Start to the Week

Start to the Week

Mon 13 Nov 2017

Discussion and Analysis by Charles Porter:


The Pound Sterling dominates the story in foreign exchange markets following the weekend. The potential to induce vote of no confidence in May’s leadership was claimed to be in excess of 80%, with 40, out of a necessary 48, MPs said to have signed their name in support of a vote. Following the news, published in the Sunday Times, the Pound Sterling trades approximately 1% weaker than Friday’s market close. Moreover, following an apparently stagnant 6th round of Brexit negotiations last week, the Pound faces pressure. Elsewhere, entering into a data-heavy week, major currencies are relatively unmoved.




Sterling Briefing: No Confidence


As the confidence of Conservative party members in their party leader and Prime Minister, Theresa May, falls, so too does investors’ confidence in the Pound Sterling. The Pound has opened weaker by around 1% against the US Dollar and, moderated by a mildly weaker Euro, by approximately 0.6% against the single currency.

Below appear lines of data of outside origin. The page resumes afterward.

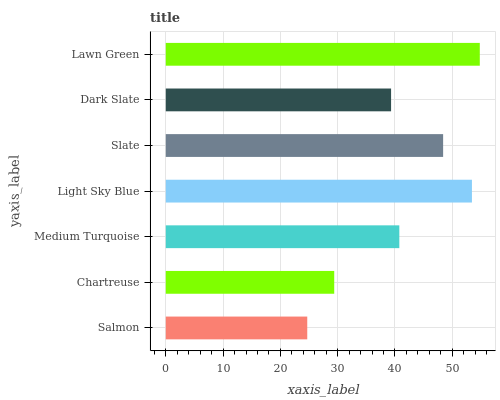Is Salmon the minimum?
Answer yes or no. Yes. Is Lawn Green the maximum?
Answer yes or no. Yes. Is Chartreuse the minimum?
Answer yes or no. No. Is Chartreuse the maximum?
Answer yes or no. No. Is Chartreuse greater than Salmon?
Answer yes or no. Yes. Is Salmon less than Chartreuse?
Answer yes or no. Yes. Is Salmon greater than Chartreuse?
Answer yes or no. No. Is Chartreuse less than Salmon?
Answer yes or no. No. Is Medium Turquoise the high median?
Answer yes or no. Yes. Is Medium Turquoise the low median?
Answer yes or no. Yes. Is Chartreuse the high median?
Answer yes or no. No. Is Light Sky Blue the low median?
Answer yes or no. No.

The potential for a vote of no confidence and change of leadership was published in yesterday’s Sunday Times. Whilst the extent of the challenge remains obscure, and the complexion of rebelling MPs remains unclear, the threat does follow a tumultuous time within the UK cabinet, and stumbling Brexit negotiations. After the Pound and the Prime Minister received a boost from the European reaction to the Florence speech, any further political risk within the United Kingdom will be severely negative for the Pound. Hard economic data, including the rate of inflation and unemployment statistics, are due to be published this week. However, these could prove to have a weaker effect upon the value of Sterling than domestic politics this week.

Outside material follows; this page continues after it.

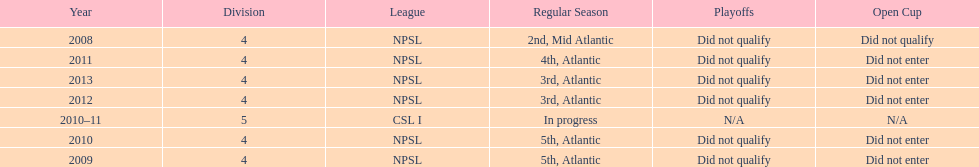How did they place the year after they were 4th in the regular season? 3rd.

The weakness of the Pound this morning, shown against the Euro and Dollar below, reflects the pricing-in of instability within the UK polity.






Euro Briefing: The Battle Continues


The most notable recent event that has determined the value of the Euro caused a shock devaluation on the 26th October. The devaluation of the single currency was caused by a ’dovish’ tapering of Eurozone quantitative easing, sending the Euro down by more than 1.5%.


Following the monetary policy decision that sent the Euro into new ground, it has been battling with the US Dollar to correct back to pre-decision levels. Whilst the Pound Sterling has been embroiled with Brexit negotiations and the UK’s domestic politics, the Euro-Dollar currency cross proves interesting. Any consolidation within the Euro following the devaluation has been weak, with the Euro presently trading just shy of 1.5% weaker against its pre-decision value. Following the weekend, the Euro has opened weaker as we wait to see whether the Euro’s fight-back has run out of steam.




Dollar Briefing: Trump’s Tour Concludes


Currency markets have come to understand and expect the volatility of a Trump presidency. Therefore, following a potential increase in global political risk whilst the leaders of the United States and North Korea exchanged insults over Twitter, the Dollar remained relatively stable.


As Trump’s tour draws to a close, any news of positive and above-expectation trade deals will be positive for associated equities and the US Dollar. Should political relationships have been fostered that might facilitate a peaceful resolution to the threats centered around the Korean Peninsula, the Dollar would also receive a boost.